I know that $\liminf$ is defined as
$\liminf_nA_n=\bigcup_{n\in\Bbb N}\bigcap_{k\ge n}A_k.$
I understand that it means that it is a member of all but finitely many of $A_n$.
My question is why don't we then define it as
$\liminf_nA_n=\bigcap_{n\in\Bbb N}\bigcap_{k\ge n}A_k.$
Are the two definitions the same? I am unable to spot the difference. Please help.
On
Take $A_n = \{-n,-(n-1),-(n-2),...\}$. Then the first definition gives the integers, but the second definition gives the natural numbers. So they are different.
On
Suppose $A_0=\varnothing$. Then $\bigcap_{n\in\Bbb N}\bigcap_{k\ge n}A_k=\varnothing$, regardless of the values of the other $A_n$! That's bad. This extreme sensitivity to the first set in the sequence is the opposite of what we want from a limit operator.

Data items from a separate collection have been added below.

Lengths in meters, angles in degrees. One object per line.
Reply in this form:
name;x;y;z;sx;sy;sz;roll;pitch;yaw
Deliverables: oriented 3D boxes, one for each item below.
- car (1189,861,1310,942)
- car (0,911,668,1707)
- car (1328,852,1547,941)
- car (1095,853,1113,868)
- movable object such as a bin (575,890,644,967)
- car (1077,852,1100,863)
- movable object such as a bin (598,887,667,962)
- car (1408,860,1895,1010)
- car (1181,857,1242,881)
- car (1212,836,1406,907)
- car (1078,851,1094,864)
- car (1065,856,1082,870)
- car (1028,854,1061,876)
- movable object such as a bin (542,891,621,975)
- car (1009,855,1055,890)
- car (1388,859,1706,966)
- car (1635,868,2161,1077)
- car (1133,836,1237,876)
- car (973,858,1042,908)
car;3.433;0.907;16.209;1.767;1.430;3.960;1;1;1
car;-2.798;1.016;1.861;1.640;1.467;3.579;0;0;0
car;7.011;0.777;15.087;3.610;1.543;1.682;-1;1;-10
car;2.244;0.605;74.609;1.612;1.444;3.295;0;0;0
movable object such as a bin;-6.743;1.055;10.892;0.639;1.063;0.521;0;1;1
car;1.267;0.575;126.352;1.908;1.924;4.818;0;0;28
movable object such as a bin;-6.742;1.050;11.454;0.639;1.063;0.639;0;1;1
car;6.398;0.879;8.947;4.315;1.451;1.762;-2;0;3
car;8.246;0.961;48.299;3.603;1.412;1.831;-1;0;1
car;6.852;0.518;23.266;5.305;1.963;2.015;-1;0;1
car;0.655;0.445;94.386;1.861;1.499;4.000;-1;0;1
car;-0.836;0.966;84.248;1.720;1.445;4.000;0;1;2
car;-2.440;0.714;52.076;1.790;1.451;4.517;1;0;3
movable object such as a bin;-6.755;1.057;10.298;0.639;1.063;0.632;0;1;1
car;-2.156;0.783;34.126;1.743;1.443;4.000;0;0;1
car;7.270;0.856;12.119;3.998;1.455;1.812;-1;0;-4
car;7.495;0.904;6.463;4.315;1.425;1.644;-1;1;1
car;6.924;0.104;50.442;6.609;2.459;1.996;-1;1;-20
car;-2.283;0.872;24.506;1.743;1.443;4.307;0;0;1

A good limit definition should not depend at all on $A_0$. (For that matter, it should not depend on $A_1$, and it should not depend on $A_2$...)
Let $$ B_n = \bigcap_{k \ge n} A_k. $$ Then $B_1$ consists of every element that belongs to all of $A_1,A_2,\dots$. $B_2$ consists of every element that belongs to all of $A_1,A_2,\dots$ except possibly not to $A_1$. $B_3$ consists of everything that belongs to $A_1, A_2, \dots$ except possibly not to $A_1$ or $A_2$. Therefore
$$\bigcup_n B_n = \liminf A_n $$
consists of everything that belongs to all of $A_1,A_2,\dots$ except possibly not to finitely many of them. The key phrase is "all but finitely many."
On the other hand,
$$ \bigcap_n B_n = \bigcap_n A_n $$
is the set of everything that belongs to all of $A_1,A_2,\dots$.
For example, let $A_1 = \{1\}$ and $A_2 = A_3 = A_4 = \dots = \{1, 2\}$. Then $B_1 = \{1\}$ and $B_2 = B_3 = B_4 = \dots = \{1,2\}$. So
$$ \bigcap_n B_n = \bigcap_n A_n = \{1\} $$
because only $1$ belongs to all of $A_1,A_2,\dots$. But
$$ \bigcup_n B_n = \{1,2\} $$
because $1$ belongs to all of $A_1,A_2,\dots$ and $2$ belongs to all but finitely many of $A_1,A_2,\dots$ (all but $A_1$).